--- START ---
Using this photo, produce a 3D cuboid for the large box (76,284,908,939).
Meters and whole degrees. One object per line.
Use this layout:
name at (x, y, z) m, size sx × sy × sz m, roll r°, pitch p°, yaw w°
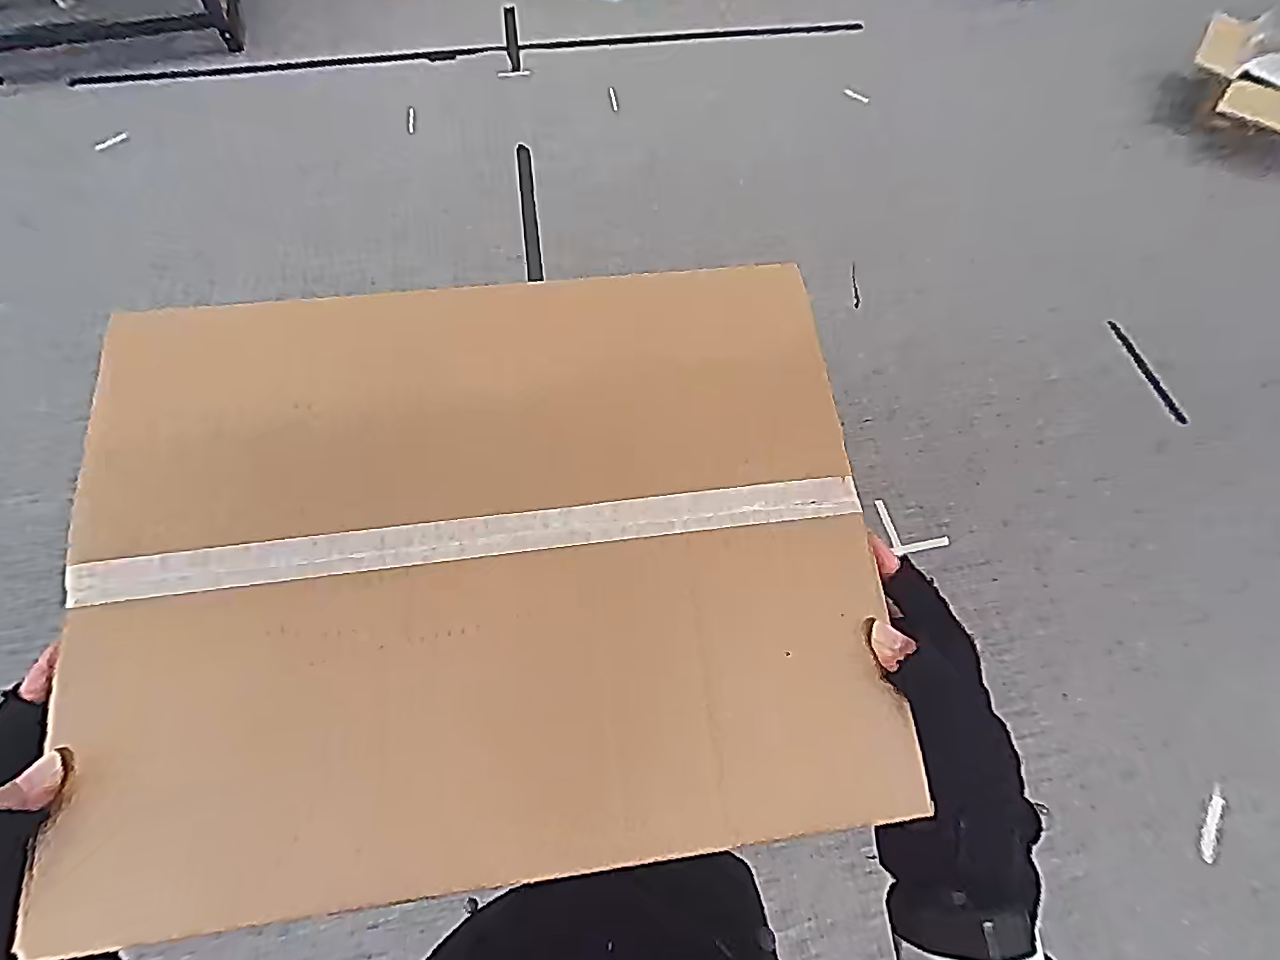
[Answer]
--- END ---
### WHAT YOU ARE ASKED TO DO
The records need to be restated word for word, minus any images.

### RESPONSE BELOW
Using this photo, produce a 3D cuboid for the large box (76,284,908,939).
Meters and whole degrees. One object per line.
Use this layout:
name at (x, y, z) m, size sx × sy × sz m, roll r°, pitch p°, yaw w°
[Answer]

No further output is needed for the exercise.